Whether you’re following a low-carb diet or simply looking for healthier alternatives, these meals will help you maintain energy levels and stay on track with your fitness goals.

From savory chicken and shrimp dishes to flavorful vegetarian options, these 20+ recipes are perfect for any occasion. Here are the first five meals to get you started on your low-carb, high-protein journey.

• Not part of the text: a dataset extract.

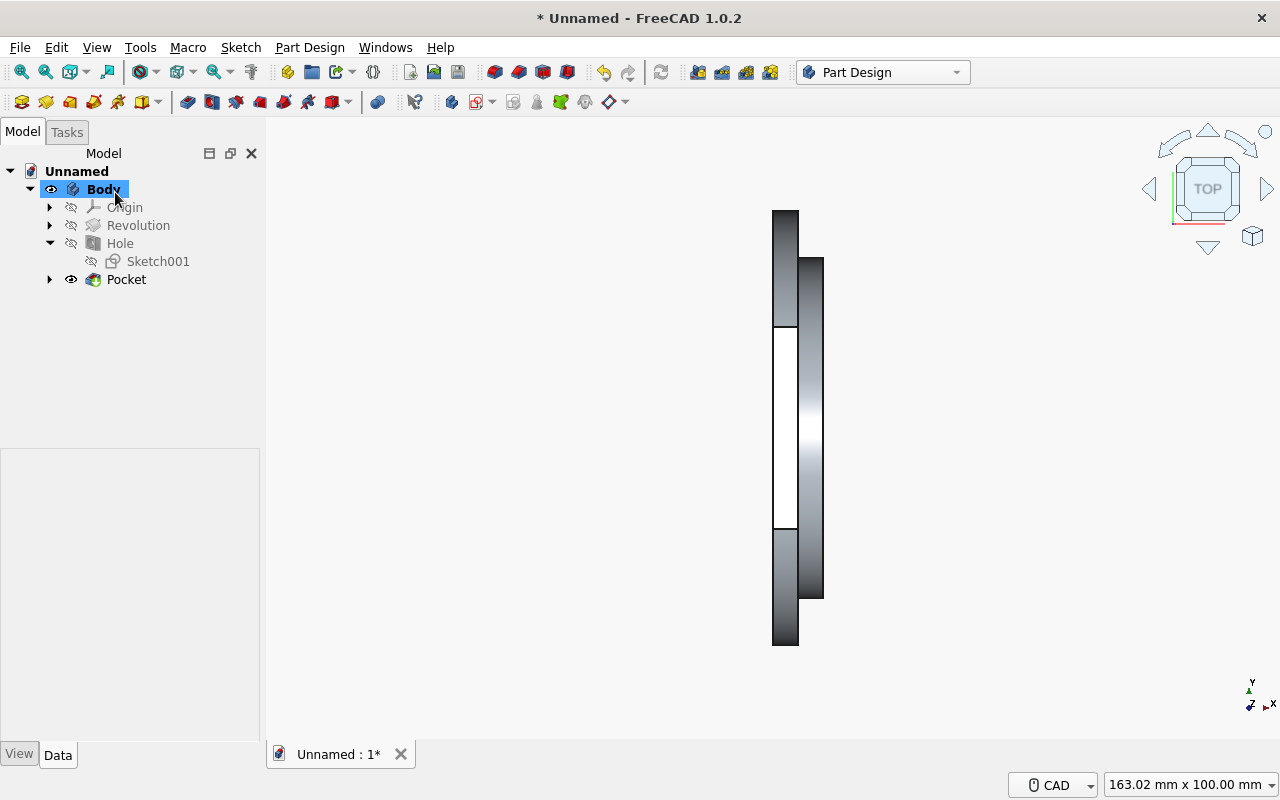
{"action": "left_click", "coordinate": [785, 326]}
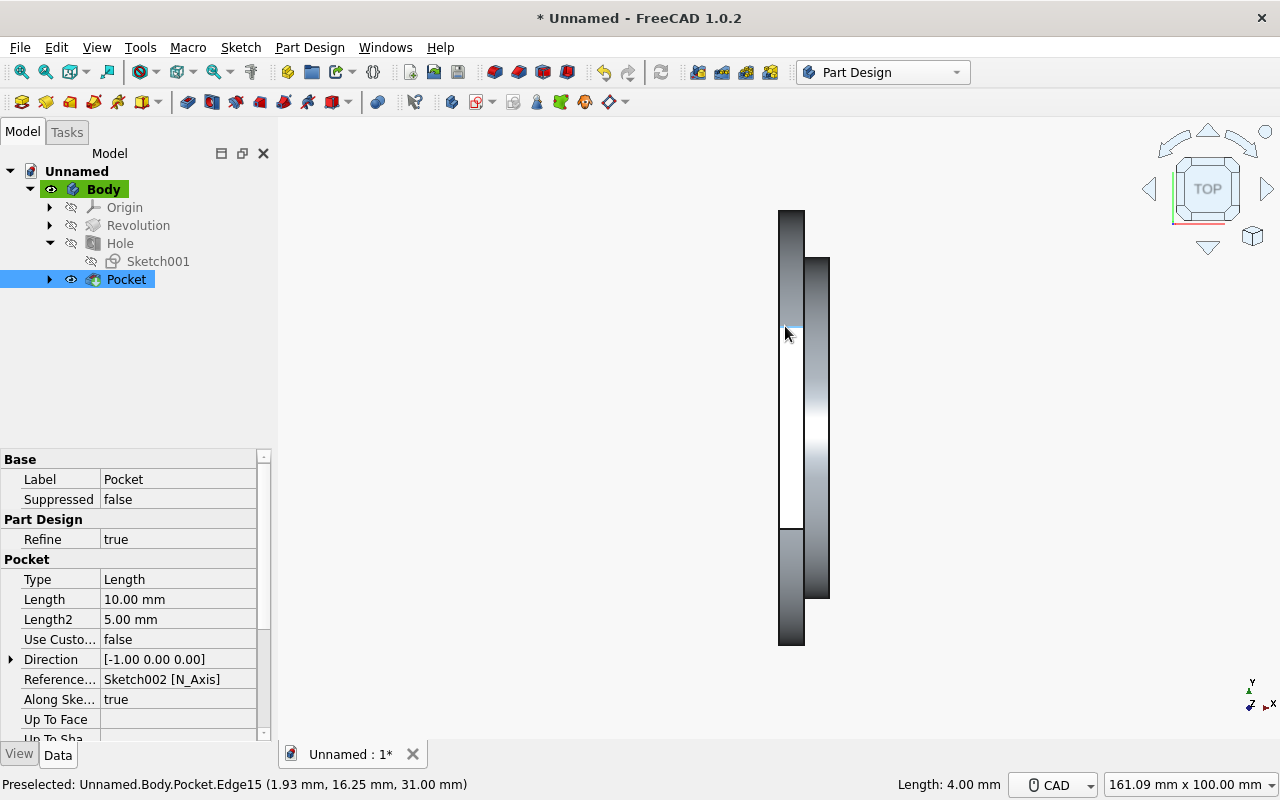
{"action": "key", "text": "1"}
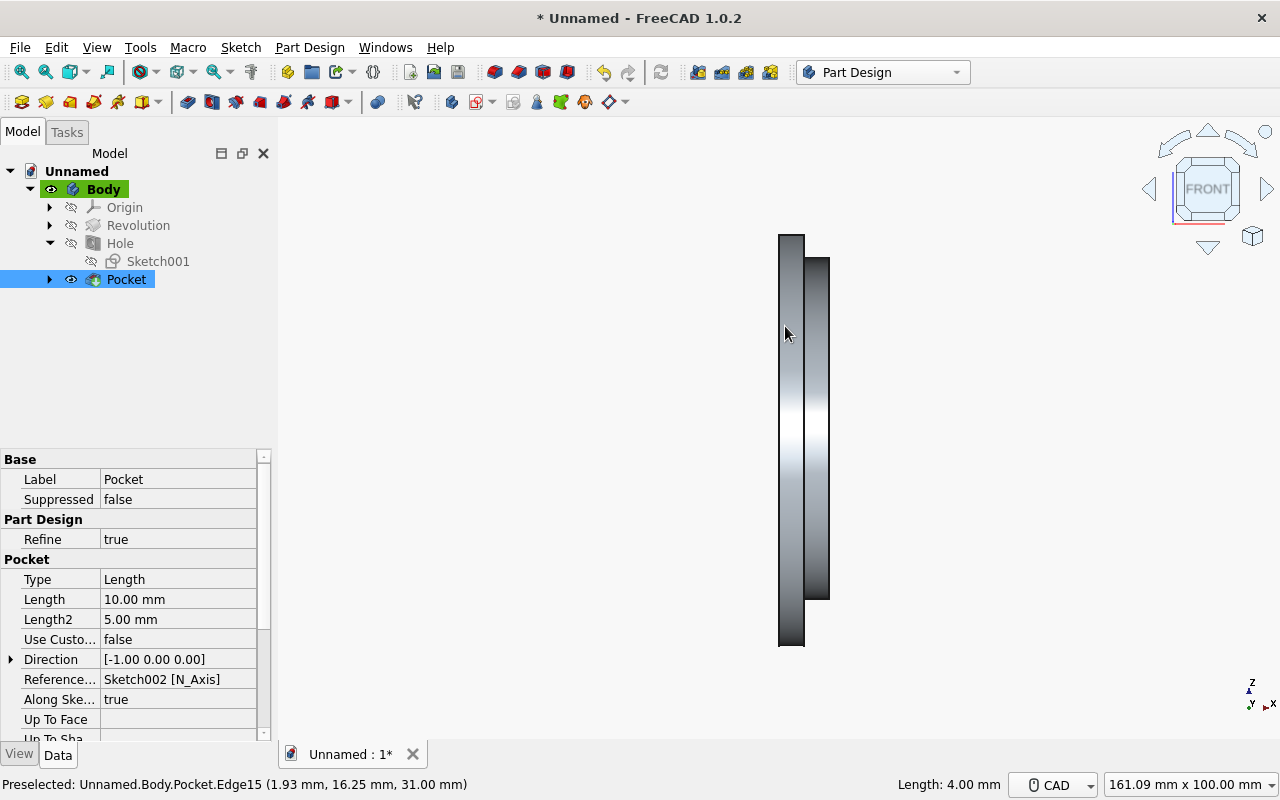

1. Grilled Chicken with Avocado Salad

This grilled chicken paired with a refreshing avocado salad makes for a light yet satisfying dinner. It’s packed with protein and healthy fats, keeping you energized throughout the evening.

Ingredients:

  • 2 chicken breasts
  • 2 avocados (diced)
  • 1 cup cherry tomatoes (halved)
  • 1/4 cup red onion (sliced)
  • 1 tbsp olive oil
  • Salt and pepper to taste
  • 1 tbsp lemon juice

Instructions:

  1. Preheat the grill to medium-high heat. Season chicken breasts with olive oil, salt, and pepper.
  2. Grill the chicken for 6-7 minutes per side or until fully cooked.
  3. In a bowl, combine diced avocados, cherry tomatoes, red onion, and lemon juice. Toss to combine.
  4. Slice the grilled chicken and serve over the avocado salad.

2. Beef and Mushroom Stir-Fry

This beef and mushroom stir-fry is full of flavor and protein, making it a perfect low-carb dinner option. It’s quick to make and great for a satisfying, nutritious meal.

Ingredients:

  • 1 lb lean beef (sliced thin)
  • 2 cups mushrooms (sliced)
  • 1 red bell pepper (sliced)
  • 2 tbsp soy sauce
  • 1 tbsp sesame oil
  • 1 tbsp garlic (minced)
  • 1 tbsp ginger (grated)

Instructions:

  1. Heat sesame oil in a pan over medium-high heat. Add beef and cook until browned.
  2. Add garlic, ginger, mushrooms, and red bell pepper to the pan. Cook for 5-6 minutes until vegetables are tender.
  3. Stir in soy sauce and cook for an additional 2-3 minutes.
  4. Serve hot with a side of cauliflower rice for a low-carb option.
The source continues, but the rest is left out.